--- INFORMATION ---
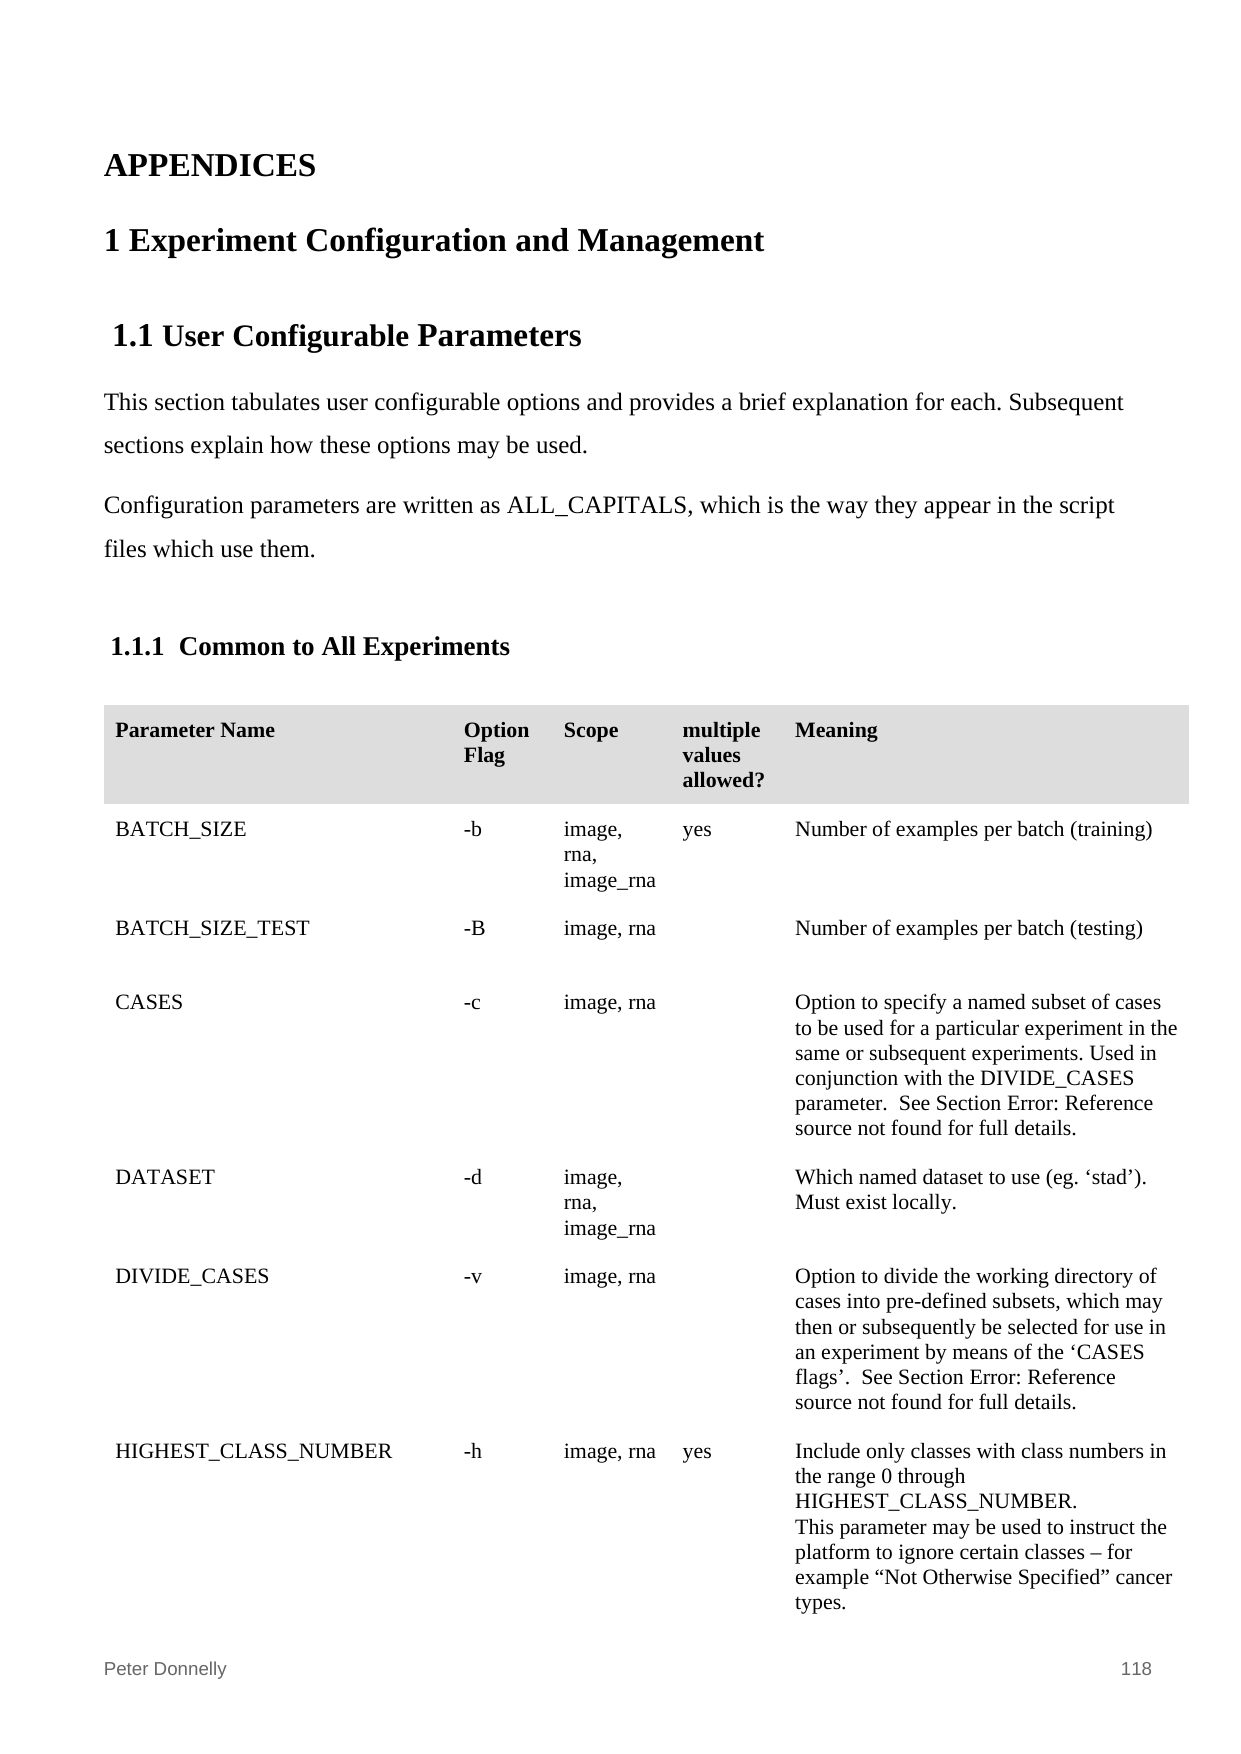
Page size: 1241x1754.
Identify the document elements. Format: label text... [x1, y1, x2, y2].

table_cell Which named dataset to use (eg. ‘stad’). Must exist locally. [783, 1153, 1189, 1252]
table_cell -v [452, 1252, 552, 1426]
table_cell BATCH_SIZE_TEST [104, 904, 452, 978]
table_cell image, rna, image_rna [552, 805, 671, 904]
table_cell DATASET [104, 1153, 452, 1252]
table_cell Include only classes with class numbers in the range 0 through HIGHEST_CLASS_NUMBER. This parameter may be used to instruct the platform to ignore certain classes – for example “Not Otherwise Specified” cancer types. [783, 1426, 1189, 1626]
table_cell yes [671, 805, 783, 904]
text Configuration parameters are written as ALL_CAPITALS, which is the way they appear in the script files which use them. [103, 491, 1146, 562]
table_cell [671, 978, 783, 1152]
subtitle User Configurable Parameters [103, 316, 1146, 354]
table_cell [671, 1153, 783, 1252]
text This section tabulates user configurable options and provides a brief explanation for each. Subsequent sections explain how these options may be used. [103, 387, 1146, 458]
table_cell image, rna [552, 978, 671, 1152]
table_cell [671, 904, 783, 978]
table_header multiple values allowed? [671, 705, 783, 804]
table_cell HIGHEST_CLASS_NUMBER [104, 1426, 452, 1626]
table_cell image, rna [552, 1426, 671, 1626]
table_cell CASES [104, 978, 452, 1152]
table_cell Number of examples per batch (testing) [783, 904, 1189, 978]
table_cell yes [671, 1426, 783, 1626]
subtitle Experiment Configuration and Management [103, 221, 1146, 259]
table_cell Option to specify a named subset of cases to be used for a particular experiment in the same or subsequent experiments. Used in conjunction with the DIVIDE_CASES parameter. See Section Error: Reference source not found for full details. [783, 978, 1189, 1152]
table_header Option Flag [452, 705, 552, 804]
table_cell BATCH_SIZE [104, 805, 452, 904]
table_cell -h [452, 1426, 552, 1626]
table_header Meaning [783, 705, 1189, 804]
table_cell -c [452, 978, 552, 1152]
subtitle Common to All Experiments [103, 630, 1146, 661]
table_cell image, rna [552, 904, 671, 978]
table_cell DIVIDE_CASES [104, 1252, 452, 1426]
table_cell Number of examples per batch (training) [783, 805, 1189, 904]
table_cell -b [452, 805, 552, 904]
subtitle APPENDICES [103, 145, 1146, 183]
table_cell Option to divide the working directory of cases into pre-defined subsets, which may then or subsequently be selected for use in an experiment by means of the ‘CASES flags’. See Section Error: Reference source not found for full details. [783, 1252, 1189, 1426]
table_cell [671, 1252, 783, 1426]
table_cell image, rna, image_rna [552, 1153, 671, 1252]
table_cell -B [452, 904, 552, 978]
table_header Scope [552, 705, 671, 804]
table_header Parameter Name [104, 705, 452, 804]
table_cell -d [452, 1153, 552, 1252]
table_cell image, rna [552, 1252, 671, 1426]
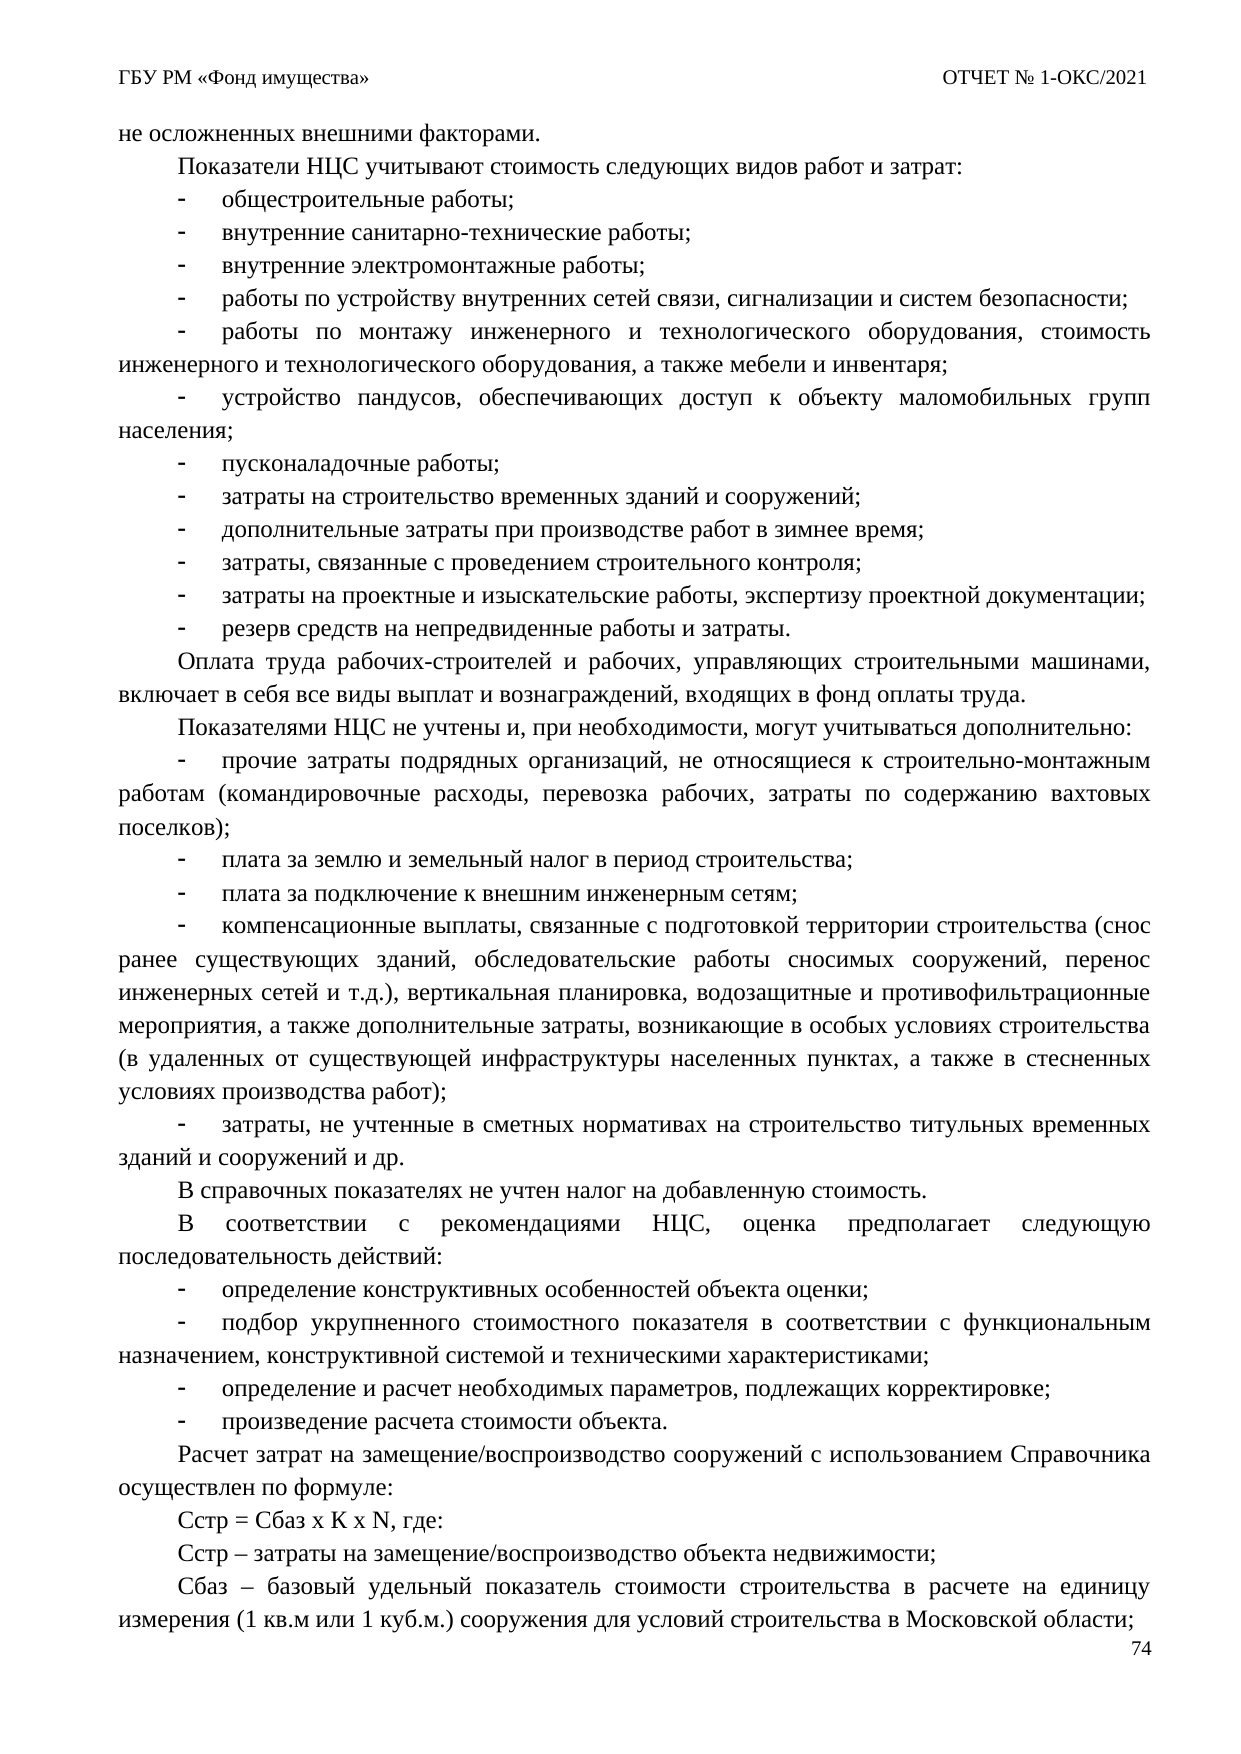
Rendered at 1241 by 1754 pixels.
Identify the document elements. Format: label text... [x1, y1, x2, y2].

list внутренние санитарно-технические работы; [118, 217, 1152, 246]
text Сстр – затраты на замещение/воспроизводство объекта недвижимости; [118, 1538, 1152, 1567]
text не осложненных внешними факторами. [118, 118, 1152, 147]
list затраты, связанные с проведением строительного контроля; [118, 547, 1152, 576]
list работы по устройству внутренних сетей связи, сигнализации и систем безопасности; [118, 283, 1152, 312]
list дополнительные затраты при производстве работ в зимнее время; [118, 514, 1152, 543]
list устройство пандусов, обеспечивающих доступ к объекту маломобильных групп населения; [118, 382, 1152, 444]
list общестроительные работы; [118, 184, 1152, 213]
list затраты на проектные и изыскательские работы, экспертизу проектной документации; [118, 580, 1152, 609]
list подбор укрупненного стоимостного показателя в соответствии с функциональным назначением, конструктивной системой и техническими характеристиками; [118, 1307, 1152, 1369]
list затраты, не учтенные в сметных нормативах на строительство титульных временных зданий и сооружений и др. [118, 1109, 1152, 1171]
list резерв средств на непредвиденные работы и затраты. [118, 613, 1152, 642]
list пусконаладочные работы; [118, 448, 1152, 477]
list прочие затраты подрядных организаций, не относящиеся к строительно-монтажным работам (командировочные расходы, перевозка рабочих, затраты по содержанию вахтовых поселков); [118, 746, 1152, 840]
list работы по монтажу инженерного и технологического оборудования, стоимость инженерного и технологического оборудования, а также мебели и инвентаря; [118, 316, 1152, 378]
text Сбаз – базовый удельный показатель стоимости строительства в расчете на единицу измерения (1 кв.м или 1 куб.м.) сооружения для условий строительства в Московской области; [118, 1571, 1152, 1633]
text Сстр = Сбаз х К х N, где: [118, 1505, 1152, 1534]
text Оплата труда рабочих-строителей и рабочих, управляющих строительными машинами, включает в себя все виды выплат и вознаграждений, входящих в фонд оплаты труда. [118, 646, 1152, 708]
text Показатели НЦС учитывают стоимость следующих видов работ и затрат: [118, 151, 1152, 180]
text Расчет затрат на замещение/воспроизводство сооружений с использованием Справочника осуществлен по формуле: [118, 1439, 1152, 1501]
text В соответствии с рекомендациями НЦС, оценка предполагает следующую последовательность действий: [118, 1208, 1152, 1269]
list плата за подключение к внешним инженерным сетям; [118, 878, 1152, 906]
list затраты на строительство временных зданий и сооружений; [118, 481, 1152, 510]
text Показателями НЦС не учтены и, при необходимости, могут учитываться дополнительно: [118, 712, 1152, 741]
list произведение расчета стоимости объекта. [118, 1406, 1152, 1435]
text В справочных показателях не учтен налог на добавленную стоимость. [118, 1175, 1152, 1203]
list определение и расчет необходимых параметров, подлежащих корректировке; [118, 1373, 1152, 1402]
list плата за землю и земельный налог в период строительства; [118, 844, 1152, 873]
list компенсационные выплаты, связанные с подготовкой территории строительства (снос ранее существующих зданий, обследовательские работы сносимых сооружений, перенос инженерных сетей и т.д.), вертикальная планировка, водозащитные и противофильтрационные мероприятия, а также дополнительные затраты, возникающие в особых условиях строительства (в удаленных от существующей инфраструктуры населенных пунктах, а также в стесненных условиях производства работ); [118, 911, 1152, 1104]
list внутренние электромонтажные работы; [118, 250, 1152, 279]
list определение конструктивных особенностей объекта оценки; [118, 1274, 1152, 1303]
---
■ WHAT YOU ARE ASKED TO DO
Leaving the pictures aside, output each entry above exactly as written.

■ ANSWER
Page size: 1241x1754.
Identify the document elements. Format: label text... [x1, y1, x2, y2].

table_cell Which named dataset to use (eg. ‘stad’). Must exist locally. [783, 1153, 1189, 1252]
table_cell -v [452, 1252, 552, 1426]
table_cell BATCH_SIZE_TEST [104, 904, 452, 978]
table_cell image, rna, image_rna [552, 805, 671, 904]
table_cell DATASET [104, 1153, 452, 1252]
table_cell Include only classes with class numbers in the range 0 through HIGHEST_CLASS_NUMBER. This parameter may be used to instruct the platform to ignore certain classes – for example “Not Otherwise Specified” cancer types. [783, 1426, 1189, 1626]
table_cell yes [671, 805, 783, 904]
text Configuration parameters are written as ALL_CAPITALS, which is the way they appear in the script files which use them. [103, 491, 1146, 562]
table_cell [671, 978, 783, 1152]
subtitle User Configurable Parameters [103, 316, 1146, 354]
table_cell [671, 1153, 783, 1252]
text This section tabulates user configurable options and provides a brief explanation for each. Subsequent sections explain how these options may be used. [103, 387, 1146, 458]
table_cell image, rna [552, 978, 671, 1152]
table_cell [671, 904, 783, 978]
table_header multiple values allowed? [671, 705, 783, 804]
table_cell HIGHEST_CLASS_NUMBER [104, 1426, 452, 1626]
table_cell image, rna [552, 1426, 671, 1626]
table_cell CASES [104, 978, 452, 1152]
table_cell Number of examples per batch (testing) [783, 904, 1189, 978]
table_cell yes [671, 1426, 783, 1626]
subtitle Experiment Configuration and Management [103, 221, 1146, 259]
table_cell Option to specify a named subset of cases to be used for a particular experiment in the same or subsequent experiments. Used in conjunction with the DIVIDE_CASES parameter. See Section Error: Reference source not found for full details. [783, 978, 1189, 1152]
table_header Option Flag [452, 705, 552, 804]
table_cell BATCH_SIZE [104, 805, 452, 904]
table_cell -h [452, 1426, 552, 1626]
table_header Meaning [783, 705, 1189, 804]
table_cell -c [452, 978, 552, 1152]
subtitle Common to All Experiments [103, 630, 1146, 661]
table_cell image, rna [552, 904, 671, 978]
table_cell DIVIDE_CASES [104, 1252, 452, 1426]
table_cell Number of examples per batch (training) [783, 805, 1189, 904]
table_cell -b [452, 805, 552, 904]
subtitle APPENDICES [103, 145, 1146, 183]
table_cell Option to divide the working directory of cases into pre-defined subsets, which may then or subsequently be selected for use in an experiment by means of the ‘CASES flags’. See Section Error: Reference source not found for full details. [783, 1252, 1189, 1426]
table_cell [671, 1252, 783, 1426]
table_cell image, rna, image_rna [552, 1153, 671, 1252]
table_cell -B [452, 904, 552, 978]
table_header Scope [552, 705, 671, 804]
table_header Parameter Name [104, 705, 452, 804]
table_cell -d [452, 1153, 552, 1252]
table_cell image, rna [552, 1252, 671, 1426]
Rendered at 1241 by 1754 pixels.
Identify the document elements. Format: label text... [x1, y1, x2, y2].

list внутренние санитарно-технические работы; [118, 217, 1152, 246]
text Сстр – затраты на замещение/воспроизводство объекта недвижимости; [118, 1538, 1152, 1567]
text не осложненных внешними факторами. [118, 118, 1152, 147]
list затраты, связанные с проведением строительного контроля; [118, 547, 1152, 576]
list работы по устройству внутренних сетей связи, сигнализации и систем безопасности; [118, 283, 1152, 312]
list дополнительные затраты при производстве работ в зимнее время; [118, 514, 1152, 543]
list устройство пандусов, обеспечивающих доступ к объекту маломобильных групп населения; [118, 382, 1152, 444]
list общестроительные работы; [118, 184, 1152, 213]
list затраты на проектные и изыскательские работы, экспертизу проектной документации; [118, 580, 1152, 609]
list подбор укрупненного стоимостного показателя в соответствии с функциональным назначением, конструктивной системой и техническими характеристиками; [118, 1307, 1152, 1369]
list затраты, не учтенные в сметных нормативах на строительство титульных временных зданий и сооружений и др. [118, 1109, 1152, 1171]
list резерв средств на непредвиденные работы и затраты. [118, 613, 1152, 642]
list пусконаладочные работы; [118, 448, 1152, 477]
list прочие затраты подрядных организаций, не относящиеся к строительно-монтажным работам (командировочные расходы, перевозка рабочих, затраты по содержанию вахтовых поселков); [118, 746, 1152, 840]
list работы по монтажу инженерного и технологического оборудования, стоимость инженерного и технологического оборудования, а также мебели и инвентаря; [118, 316, 1152, 378]
text Сбаз – базовый удельный показатель стоимости строительства в расчете на единицу измерения (1 кв.м или 1 куб.м.) сооружения для условий строительства в Московской области; [118, 1571, 1152, 1633]
text Сстр = Сбаз х К х N, где: [118, 1505, 1152, 1534]
text Оплата труда рабочих-строителей и рабочих, управляющих строительными машинами, включает в себя все виды выплат и вознаграждений, входящих в фонд оплаты труда. [118, 646, 1152, 708]
text Показатели НЦС учитывают стоимость следующих видов работ и затрат: [118, 151, 1152, 180]
text Расчет затрат на замещение/воспроизводство сооружений с использованием Справочника осуществлен по формуле: [118, 1439, 1152, 1501]
text В соответствии с рекомендациями НЦС, оценка предполагает следующую последовательность действий: [118, 1208, 1152, 1269]
list плата за подключение к внешним инженерным сетям; [118, 878, 1152, 906]
list затраты на строительство временных зданий и сооружений; [118, 481, 1152, 510]
text Показателями НЦС не учтены и, при необходимости, могут учитываться дополнительно: [118, 712, 1152, 741]
list произведение расчета стоимости объекта. [118, 1406, 1152, 1435]
text В справочных показателях не учтен налог на добавленную стоимость. [118, 1175, 1152, 1203]
list определение и расчет необходимых параметров, подлежащих корректировке; [118, 1373, 1152, 1402]
list плата за землю и земельный налог в период строительства; [118, 844, 1152, 873]
list компенсационные выплаты, связанные с подготовкой территории строительства (снос ранее существующих зданий, обследовательские работы сносимых сооружений, перенос инженерных сетей и т.д.), вертикальная планировка, водозащитные и противофильтрационные мероприятия, а также дополнительные затраты, возникающие в особых условиях строительства (в удаленных от существующей инфраструктуры населенных пунктах, а также в стесненных условиях производства работ); [118, 911, 1152, 1104]
list внутренние электромонтажные работы; [118, 250, 1152, 279]
list определение конструктивных особенностей объекта оценки; [118, 1274, 1152, 1303]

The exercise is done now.